# hey guys i could use some input



## buldog (Oct 5, 2007)

Hello all artists,
      I could really use some help with my situation.  I'm 41 yrs old with numerous physical limitations that hasn't trained in over 25 yrs but i am driven by an overwhelming desire to get back to where I started.  I first was exposed to martial arts in 1982 when I trained in Hap ki do and Tae kwon do at a local school as a teenager.  I loved it!  However, I had already suffered a serious knee injury 2 yrs previously and quit after only 1 1/2 monthes due to extreme pain during kicks or low stances.  The joint locks and throws seemed to come very naturally to me but the tae kwon do was difficult to pick up.  Now after 25 yrs the urge has hit me again to get back in to it( to be honest it never left).  However, now I have several other limitations that I have to consider.  My collerbone was shattered 15 yrs ago and after 3 surgeries still causes constant pain also the same shoulder was dislocated and my wrist suffered torn cartilage and two torn ligaments.  Beyond that I suffer from an abdominal hernia that splits me right down the six pack so hard shots to the gut would be a problem.  As you can see I probably shouldn't even think about martial arts at all but the feeling I have is so strong that I think that logic may have to take a back seat this time.  I have spent 25 yrs listing the reasons why I shouldn't and only the last 4 months why I should.  I'm still fairly strong with good reflexes and have been told I have "very strong chi" by an old Chinese man I met by coincidence one time.

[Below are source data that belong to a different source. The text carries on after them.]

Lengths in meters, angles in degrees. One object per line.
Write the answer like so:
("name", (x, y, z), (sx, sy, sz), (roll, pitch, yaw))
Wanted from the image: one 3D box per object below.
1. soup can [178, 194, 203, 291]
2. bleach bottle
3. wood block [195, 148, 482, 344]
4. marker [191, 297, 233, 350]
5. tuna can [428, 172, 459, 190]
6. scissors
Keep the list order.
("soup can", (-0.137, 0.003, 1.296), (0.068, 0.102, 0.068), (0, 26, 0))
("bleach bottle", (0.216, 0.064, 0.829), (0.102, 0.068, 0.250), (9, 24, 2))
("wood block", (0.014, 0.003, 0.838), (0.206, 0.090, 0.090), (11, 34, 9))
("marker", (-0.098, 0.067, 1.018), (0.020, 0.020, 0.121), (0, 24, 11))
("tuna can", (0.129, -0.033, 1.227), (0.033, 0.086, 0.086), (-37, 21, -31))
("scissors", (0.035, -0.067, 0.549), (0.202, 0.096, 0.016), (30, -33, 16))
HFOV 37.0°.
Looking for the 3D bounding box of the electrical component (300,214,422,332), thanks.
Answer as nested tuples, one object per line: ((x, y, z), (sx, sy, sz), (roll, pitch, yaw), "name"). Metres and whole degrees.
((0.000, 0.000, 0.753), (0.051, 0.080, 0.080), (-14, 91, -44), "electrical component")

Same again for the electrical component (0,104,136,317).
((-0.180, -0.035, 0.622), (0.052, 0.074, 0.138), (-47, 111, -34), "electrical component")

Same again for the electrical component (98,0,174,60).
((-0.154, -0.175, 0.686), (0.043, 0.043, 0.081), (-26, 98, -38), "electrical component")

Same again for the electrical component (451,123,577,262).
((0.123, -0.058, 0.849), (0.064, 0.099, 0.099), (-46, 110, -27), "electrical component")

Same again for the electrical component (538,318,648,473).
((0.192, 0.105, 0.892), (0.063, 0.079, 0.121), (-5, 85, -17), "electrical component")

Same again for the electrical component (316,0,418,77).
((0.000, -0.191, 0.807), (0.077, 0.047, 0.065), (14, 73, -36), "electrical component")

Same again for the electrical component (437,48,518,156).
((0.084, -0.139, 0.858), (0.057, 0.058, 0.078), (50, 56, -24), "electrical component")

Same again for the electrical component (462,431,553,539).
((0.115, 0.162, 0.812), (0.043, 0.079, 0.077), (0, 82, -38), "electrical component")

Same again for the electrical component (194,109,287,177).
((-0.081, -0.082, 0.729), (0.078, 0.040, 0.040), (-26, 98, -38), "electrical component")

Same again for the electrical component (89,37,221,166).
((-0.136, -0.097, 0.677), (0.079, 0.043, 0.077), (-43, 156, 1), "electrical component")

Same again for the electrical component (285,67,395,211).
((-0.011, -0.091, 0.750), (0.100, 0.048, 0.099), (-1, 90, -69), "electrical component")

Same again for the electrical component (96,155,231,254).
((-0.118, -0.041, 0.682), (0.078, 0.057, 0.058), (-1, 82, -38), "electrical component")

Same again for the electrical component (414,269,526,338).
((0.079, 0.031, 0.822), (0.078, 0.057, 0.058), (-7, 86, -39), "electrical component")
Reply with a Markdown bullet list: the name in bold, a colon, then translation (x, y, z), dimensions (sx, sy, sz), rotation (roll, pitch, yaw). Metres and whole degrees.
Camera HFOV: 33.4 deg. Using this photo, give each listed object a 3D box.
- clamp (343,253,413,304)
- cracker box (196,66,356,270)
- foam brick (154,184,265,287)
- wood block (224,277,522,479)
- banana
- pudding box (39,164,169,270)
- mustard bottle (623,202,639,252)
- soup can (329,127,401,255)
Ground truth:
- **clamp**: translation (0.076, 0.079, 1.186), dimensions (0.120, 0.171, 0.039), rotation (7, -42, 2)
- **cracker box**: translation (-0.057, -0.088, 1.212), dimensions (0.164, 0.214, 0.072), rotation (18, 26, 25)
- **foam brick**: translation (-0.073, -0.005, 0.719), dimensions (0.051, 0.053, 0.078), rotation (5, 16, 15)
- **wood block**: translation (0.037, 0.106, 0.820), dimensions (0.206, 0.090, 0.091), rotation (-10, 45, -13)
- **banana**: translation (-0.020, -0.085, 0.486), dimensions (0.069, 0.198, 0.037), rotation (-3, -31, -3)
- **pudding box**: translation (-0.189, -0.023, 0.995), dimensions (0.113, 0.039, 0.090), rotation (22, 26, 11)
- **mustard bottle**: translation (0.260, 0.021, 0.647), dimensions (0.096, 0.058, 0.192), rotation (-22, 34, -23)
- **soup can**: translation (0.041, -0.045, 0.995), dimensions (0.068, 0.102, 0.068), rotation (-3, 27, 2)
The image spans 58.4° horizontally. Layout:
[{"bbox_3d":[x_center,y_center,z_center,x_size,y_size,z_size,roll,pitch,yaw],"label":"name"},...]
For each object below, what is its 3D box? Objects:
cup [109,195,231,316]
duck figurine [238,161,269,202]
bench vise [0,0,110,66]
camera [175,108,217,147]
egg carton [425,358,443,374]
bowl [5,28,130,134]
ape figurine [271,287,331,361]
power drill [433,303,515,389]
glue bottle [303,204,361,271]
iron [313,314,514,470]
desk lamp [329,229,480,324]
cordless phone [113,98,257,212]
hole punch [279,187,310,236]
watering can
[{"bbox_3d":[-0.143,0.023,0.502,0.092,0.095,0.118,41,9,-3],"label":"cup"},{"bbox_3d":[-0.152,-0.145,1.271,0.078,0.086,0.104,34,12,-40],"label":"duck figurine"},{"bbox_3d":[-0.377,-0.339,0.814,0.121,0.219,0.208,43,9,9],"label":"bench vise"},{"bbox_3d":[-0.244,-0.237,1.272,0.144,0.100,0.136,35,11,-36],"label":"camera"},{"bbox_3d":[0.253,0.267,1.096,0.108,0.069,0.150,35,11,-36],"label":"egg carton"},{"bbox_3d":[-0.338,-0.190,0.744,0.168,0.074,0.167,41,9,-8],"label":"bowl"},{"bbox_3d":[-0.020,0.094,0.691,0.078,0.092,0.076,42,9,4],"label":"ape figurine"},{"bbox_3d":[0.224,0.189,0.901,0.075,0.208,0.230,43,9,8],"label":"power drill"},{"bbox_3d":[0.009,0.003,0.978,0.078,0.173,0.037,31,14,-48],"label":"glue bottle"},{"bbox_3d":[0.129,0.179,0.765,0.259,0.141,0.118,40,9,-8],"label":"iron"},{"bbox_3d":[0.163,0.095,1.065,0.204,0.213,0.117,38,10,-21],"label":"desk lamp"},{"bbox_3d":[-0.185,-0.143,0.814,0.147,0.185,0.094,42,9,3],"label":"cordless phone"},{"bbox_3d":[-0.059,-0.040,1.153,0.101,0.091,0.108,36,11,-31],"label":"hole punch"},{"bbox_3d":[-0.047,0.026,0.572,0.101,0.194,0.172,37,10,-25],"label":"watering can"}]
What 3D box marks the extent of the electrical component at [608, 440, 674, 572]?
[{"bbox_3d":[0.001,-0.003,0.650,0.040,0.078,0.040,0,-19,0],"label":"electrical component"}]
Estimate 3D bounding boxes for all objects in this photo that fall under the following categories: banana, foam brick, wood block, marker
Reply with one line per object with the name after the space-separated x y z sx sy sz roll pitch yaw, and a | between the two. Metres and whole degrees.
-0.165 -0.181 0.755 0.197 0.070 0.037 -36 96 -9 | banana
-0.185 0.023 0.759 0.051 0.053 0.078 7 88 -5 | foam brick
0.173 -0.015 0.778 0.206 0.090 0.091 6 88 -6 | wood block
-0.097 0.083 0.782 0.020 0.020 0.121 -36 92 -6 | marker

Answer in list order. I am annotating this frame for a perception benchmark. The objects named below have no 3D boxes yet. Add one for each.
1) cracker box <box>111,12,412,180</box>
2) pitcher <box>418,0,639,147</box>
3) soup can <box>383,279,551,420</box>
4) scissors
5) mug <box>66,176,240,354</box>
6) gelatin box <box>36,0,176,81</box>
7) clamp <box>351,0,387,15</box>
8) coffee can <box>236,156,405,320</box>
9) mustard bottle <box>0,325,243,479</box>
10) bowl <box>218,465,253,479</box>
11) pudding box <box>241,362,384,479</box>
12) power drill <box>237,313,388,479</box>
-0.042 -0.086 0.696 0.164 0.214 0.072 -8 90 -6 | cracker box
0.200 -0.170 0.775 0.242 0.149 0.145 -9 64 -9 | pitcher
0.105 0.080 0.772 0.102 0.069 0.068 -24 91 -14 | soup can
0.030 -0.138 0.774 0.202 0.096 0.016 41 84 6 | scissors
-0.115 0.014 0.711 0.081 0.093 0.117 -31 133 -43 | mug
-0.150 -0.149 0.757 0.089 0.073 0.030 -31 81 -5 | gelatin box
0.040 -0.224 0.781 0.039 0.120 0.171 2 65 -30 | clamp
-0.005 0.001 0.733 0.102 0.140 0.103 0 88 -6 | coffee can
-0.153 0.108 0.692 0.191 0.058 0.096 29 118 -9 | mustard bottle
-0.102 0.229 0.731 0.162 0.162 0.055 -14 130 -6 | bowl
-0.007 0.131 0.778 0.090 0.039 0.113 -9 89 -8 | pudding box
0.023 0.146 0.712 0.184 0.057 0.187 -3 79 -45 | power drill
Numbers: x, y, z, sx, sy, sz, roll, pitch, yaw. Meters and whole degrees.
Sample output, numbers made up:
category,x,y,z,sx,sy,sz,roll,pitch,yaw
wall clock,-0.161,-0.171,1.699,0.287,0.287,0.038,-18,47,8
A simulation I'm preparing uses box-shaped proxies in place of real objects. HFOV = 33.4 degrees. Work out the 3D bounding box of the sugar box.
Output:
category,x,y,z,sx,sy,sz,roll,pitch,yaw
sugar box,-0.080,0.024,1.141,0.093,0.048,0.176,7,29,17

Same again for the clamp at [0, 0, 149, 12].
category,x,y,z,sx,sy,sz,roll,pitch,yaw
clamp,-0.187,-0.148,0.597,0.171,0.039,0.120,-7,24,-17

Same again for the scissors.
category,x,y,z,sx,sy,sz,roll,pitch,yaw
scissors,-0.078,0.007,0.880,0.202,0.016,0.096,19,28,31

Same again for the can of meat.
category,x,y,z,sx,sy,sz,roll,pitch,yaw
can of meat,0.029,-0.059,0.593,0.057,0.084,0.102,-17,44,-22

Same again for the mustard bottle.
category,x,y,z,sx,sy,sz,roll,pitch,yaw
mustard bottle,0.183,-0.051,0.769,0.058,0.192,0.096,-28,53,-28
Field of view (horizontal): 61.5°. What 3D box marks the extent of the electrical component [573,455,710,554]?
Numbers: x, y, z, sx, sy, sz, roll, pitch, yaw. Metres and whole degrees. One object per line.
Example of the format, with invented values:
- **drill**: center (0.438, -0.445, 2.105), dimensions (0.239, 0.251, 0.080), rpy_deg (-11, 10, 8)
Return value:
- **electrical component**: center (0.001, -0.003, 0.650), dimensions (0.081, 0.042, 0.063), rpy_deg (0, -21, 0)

        Enough of my sob story!!! Basically my question is what style would be appropriate for someone of my limitations.  I have done many hours of research on the internet but it is hard to really get a feel for a certain style from a web site.  An old friend has offered to teach me American Kenpo yet the only info I can get on that is family trees and arguments about origins.  What is the art really like?  Kicks, strikes, jointlocks, pressure points, internal or external? Ireally could use some guidence


----------



## Kacey (Oct 5, 2007)

First, welcome, and happy posting!  :wavey:

Second, a good instructor will work with you, to help you do the things you can do, and modify the things you can't; my instructor knew an internationally ranked TKD'er who had no arms - he replaced hand techniques with foot techniques in patterns, and was, from what my instructor said, and incredible fighter.  American Kenpo may well be a good style for you - I can't say - but you're going to get the best results from a good instructor rather than a specific style.

You might check these two threads for more ideas:

Resources for Beginners
Choosing a school

Good luck!


----------



## newGuy12 (Oct 5, 2007)

Hello, and welcome to the board.

I am also 41 years old and am starting training.  I do not suffer from the injuries that you do, though.

I wish you luck, and I will say this, at the risk of "stepping out of line" on this board.  I envy you for having a resource available for American Kenpo.  I love that system (from what I know of it).  Ed Parker was a genius.

There is a really good American Kenpo teacher in my city, but he only gives private lessons.  If I can find someone to be a training partner for practice purposes though, I will do what I can with private lessons and dvds.

In any event, what can you do?  You must try, right?  There's no other way.  We can't just live our lives without learning a martial art, if there is any way that we can.

I once saw a video of a man doing American Kenpo from a wheelchair.  No joke.  And he had amazing power.  That is an extreme example, but I saw it.



All the Best,

Robert Witten


----------



## newGuy12 (Oct 5, 2007)

buldog said:


> An old friend has offered to teach me American Kenpo yet the only info I can get on that is family trees and arguments about origins.  What is the art really like?  Kicks, strikes, jointlocks, pressure points, internal or external? Ireally could use some guidence



Please watch these videos for a short introduction.  The Man that is in these videos is GrandMaster Parker Himself!











Also, of course, you will find on this board forums dedicated to Kempo/Kenpo!


----------



## buldog (Oct 5, 2007)

hey guys,
            Thanks for the advice.  Luckily one of my high school buddies just happens to be a 5th degree black belt in American Kenpo and he stressed that he was willing to work within my limitations.  He is a really great guy and I would trust him with my life.  I just wanted some input on the style.  Also I would join you for the 100 pushups by Christmas but the shoulder isn't cooperating.  I'll just have to pick something else to push for.  Thanks again for your input.
                                            Scott B.


----------



## newGuy12 (Oct 5, 2007)

buldog said:


> Luckily one of my high school buddies just happens to be a 5th degree black belt in American Kenpo and he stressed that he was willing to work within my limitations.  He is a really great guy and I would trust him with my life.
> Scott B.



You are SO setup!  That's great, see you on the board.

Robert


----------



## Drac (Oct 6, 2007)

Greeting and Welcome to MT..The others have given you some great advice. So all I can do is wish you luck with your training and hope you keep us posted on how its going..


----------



## Kennedy_Shogen_Ryu (Oct 6, 2007)

I second Drac on this.  

Above all keep your goals in mind, keep your head up, and don't give up!  Best of luck to you!​


----------



## Sukerkin (Oct 6, 2007)

Welcome to the club, *buldog* :tup:.  

One thing I would add to the good advice already given is that the only person who can set your goals is you, altho' you can be guided on what they should be.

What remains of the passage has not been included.